В Габлиц мы вернулись на автобусе точно к ужину. На следующий день не поехали в Вену, решили отдохнуть и погулять по центру Габлица. Это был безобидный городок с ресторанами и магазинчиками, совершенно недоступными для нас в то время. Основными достопримечательностями были римская гробница и музей местной истории и искусств. Музей располагался в здании начальной школы и являл собой вереницу уходящих вглубь комнат и комнаток, заполненных до краев фарфоровыми безделушками, портретами местных аристократов и их гончих, олеографиями, гобеленами и акварелями с изображениями Венского леса в разное время дня и года, рукописями австрийских писателей, гостивших в Габлице, и, что неизбежно для таких музеев, целым арсеналом мечей, шпаг и сабель, шлемов, кольчуг и лат — арсеналом столь богатым, что можно было бы вооружить все население городка.

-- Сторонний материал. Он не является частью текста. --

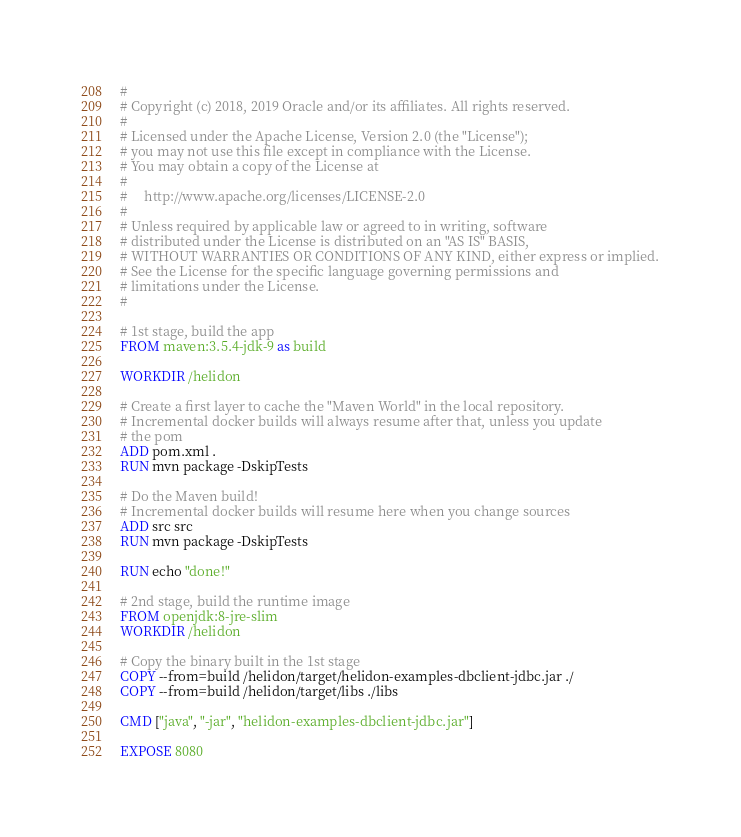<code> <loc_0><loc_0><loc_500><loc_500><_Dockerfile_>#
# Copyright (c) 2018, 2019 Oracle and/or its affiliates. All rights reserved.
#
# Licensed under the Apache License, Version 2.0 (the "License");
# you may not use this file except in compliance with the License.
# You may obtain a copy of the License at
#
#     http://www.apache.org/licenses/LICENSE-2.0
#
# Unless required by applicable law or agreed to in writing, software
# distributed under the License is distributed on an "AS IS" BASIS,
# WITHOUT WARRANTIES OR CONDITIONS OF ANY KIND, either express or implied.
# See the License for the specific language governing permissions and
# limitations under the License.
#

# 1st stage, build the app
FROM maven:3.5.4-jdk-9 as build

WORKDIR /helidon

# Create a first layer to cache the "Maven World" in the local repository.
# Incremental docker builds will always resume after that, unless you update
# the pom
ADD pom.xml .
RUN mvn package -DskipTests

# Do the Maven build!
# Incremental docker builds will resume here when you change sources
ADD src src
RUN mvn package -DskipTests

RUN echo "done!"

# 2nd stage, build the runtime image
FROM openjdk:8-jre-slim
WORKDIR /helidon

# Copy the binary built in the 1st stage
COPY --from=build /helidon/target/helidon-examples-dbclient-jdbc.jar ./
COPY --from=build /helidon/target/libs ./libs

CMD ["java", "-jar", "helidon-examples-dbclient-jdbc.jar"]

EXPOSE 8080</code>

В музее не было ничего, что бы свидетельствовало о годах нацизма в Австрии[1].
Мы с родителями бесцельно слонялись по открыточному австрийскому городку, разглядывая витрины, наслаждаясь спокойствием, стараясь освободиться от бремени последних двух месяцев, предварявших отъезд из России. И все еще находились в состоянии какого-то дикого изумления.
В пансион мы возвращались другой дорогой и по пути набрели на небольшой продуктовый магазин. Изобилие еды, громоздящейся на полках и за стеклянными дверьми холодильников, поражало, и этот магазин означал для нас нечто большее, чем музейчик в центре Габлица, в котором мы только что побывали. Улыбающийся хозяин с полным румяным лицом и мясистыми руками, в голубом переднике, подвязанном на животе, не сводил с нас глаз, пока мы брали и взвешивали в руках различные пакеты и жестянки, пытаясь навскидку понять, сколько же это может стоить.
В конце концов мы купили буханку вкуснейшего ароматного ржаного хлеба, копченую грудку индейки, помидоры, бананы и пять-шесть разных йогуртов и кремов в пластмассовых стаканчиках. Рядом с магазином на улице стоял столик для пикника, где мы и уселись пировать под кроной старого вяза.
В двух шагах от магазина был бассейн, окруженный проволочной изгородью и прямоугольником высокого кустарника. Мы подошли к входу и заглянули в полуоткрытые ворота. Какой-то старик спал в кресле, уронив газету на землю. Дети прыгали в воду и визжали от восторга. Женщины в купальных трусиках — неужели матери этих детей? — сидели в шезлонгах у бассейна, потягивая напитки из высоких узких бутылочек.
— Думаю, это частная собственность. Пошли отсюда, — сказал отец.
— Ну почему не спросить? — предложила мама и вошла в ворота.
Вскоре она вернулась, улыбаясь.
— Я разговаривала со служителем. Он был очень любезен. На самом деле это городской бассейн. Плата за весь день — всего три шиллинга.
Вернувшись в отель, мы быстро переоделись и двинулись обратно к бассейну. Пока шли, солнце скрылось за тяжкими облаками и пошел дождь. Нам ничего не оставалось, как провести остаток дня в пансионе. В какой-то момент длинноносая Шарлотта, стоя за конторкой, мерзким голосом выкрикнула нашу фамилию: это друзья позвонили нам из Род-Айленда.